TASK DETAILS:
Look through the data that follows and work out how many lines contain the string "time". Nothing but that number should be given.

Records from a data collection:

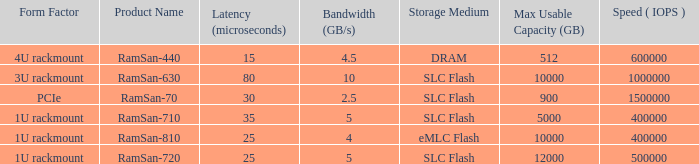What is the Input/output operations per second for the emlc flash? 400000.0. 
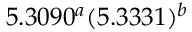Convert formula to latex. <formula><loc_0><loc_0><loc_500><loc_500>5 . 3 0 9 0 ^ { a } ( 5 . 3 3 3 1 ) ^ { b }</formula> 
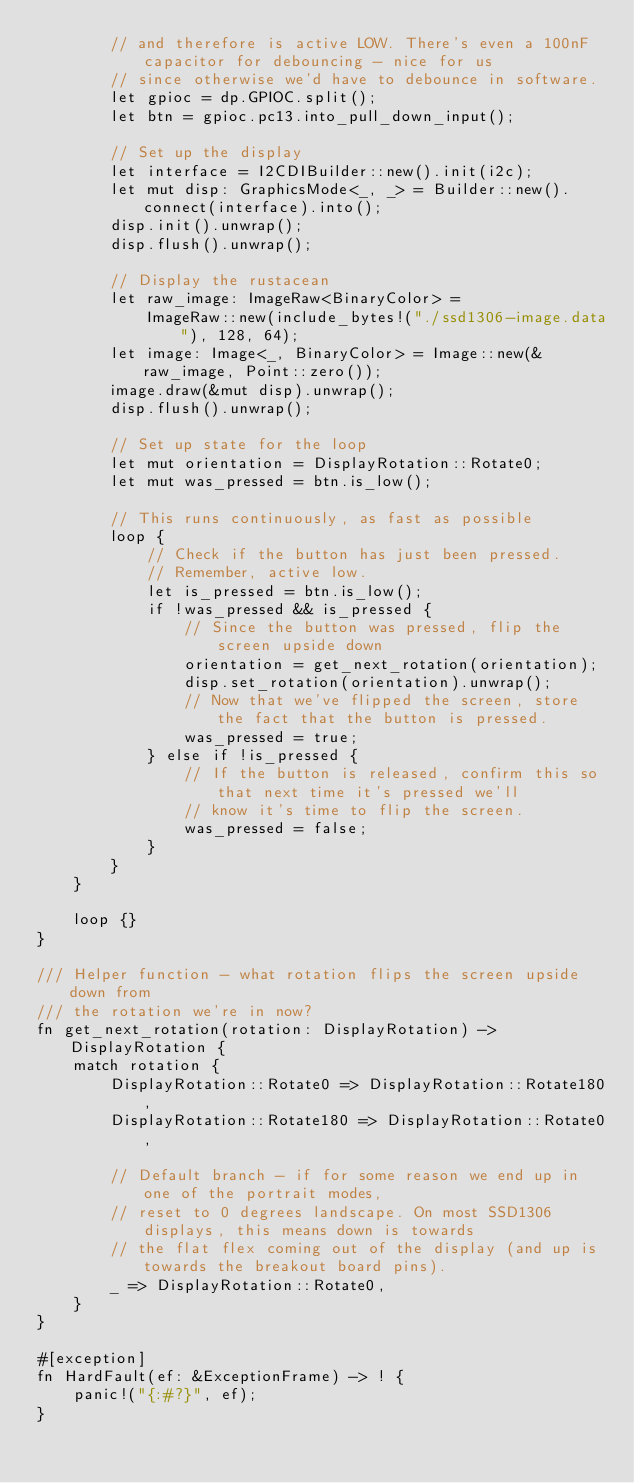<code> <loc_0><loc_0><loc_500><loc_500><_Rust_>        // and therefore is active LOW. There's even a 100nF capacitor for debouncing - nice for us
        // since otherwise we'd have to debounce in software.
        let gpioc = dp.GPIOC.split();
        let btn = gpioc.pc13.into_pull_down_input();

        // Set up the display
        let interface = I2CDIBuilder::new().init(i2c);
        let mut disp: GraphicsMode<_, _> = Builder::new().connect(interface).into();
        disp.init().unwrap();
        disp.flush().unwrap();

        // Display the rustacean
        let raw_image: ImageRaw<BinaryColor> =
            ImageRaw::new(include_bytes!("./ssd1306-image.data"), 128, 64);
        let image: Image<_, BinaryColor> = Image::new(&raw_image, Point::zero());
        image.draw(&mut disp).unwrap();
        disp.flush().unwrap();

        // Set up state for the loop
        let mut orientation = DisplayRotation::Rotate0;
        let mut was_pressed = btn.is_low();

        // This runs continuously, as fast as possible
        loop {
            // Check if the button has just been pressed.
            // Remember, active low.
            let is_pressed = btn.is_low();
            if !was_pressed && is_pressed {
                // Since the button was pressed, flip the screen upside down
                orientation = get_next_rotation(orientation);
                disp.set_rotation(orientation).unwrap();
                // Now that we've flipped the screen, store the fact that the button is pressed.
                was_pressed = true;
            } else if !is_pressed {
                // If the button is released, confirm this so that next time it's pressed we'll
                // know it's time to flip the screen.
                was_pressed = false;
            }
        }
    }

    loop {}
}

/// Helper function - what rotation flips the screen upside down from
/// the rotation we're in now?
fn get_next_rotation(rotation: DisplayRotation) -> DisplayRotation {
    match rotation {
        DisplayRotation::Rotate0 => DisplayRotation::Rotate180,
        DisplayRotation::Rotate180 => DisplayRotation::Rotate0,

        // Default branch - if for some reason we end up in one of the portrait modes,
        // reset to 0 degrees landscape. On most SSD1306 displays, this means down is towards
        // the flat flex coming out of the display (and up is towards the breakout board pins).
        _ => DisplayRotation::Rotate0,
    }
}

#[exception]
fn HardFault(ef: &ExceptionFrame) -> ! {
    panic!("{:#?}", ef);
}
</code>

ANSWER SPACE:
2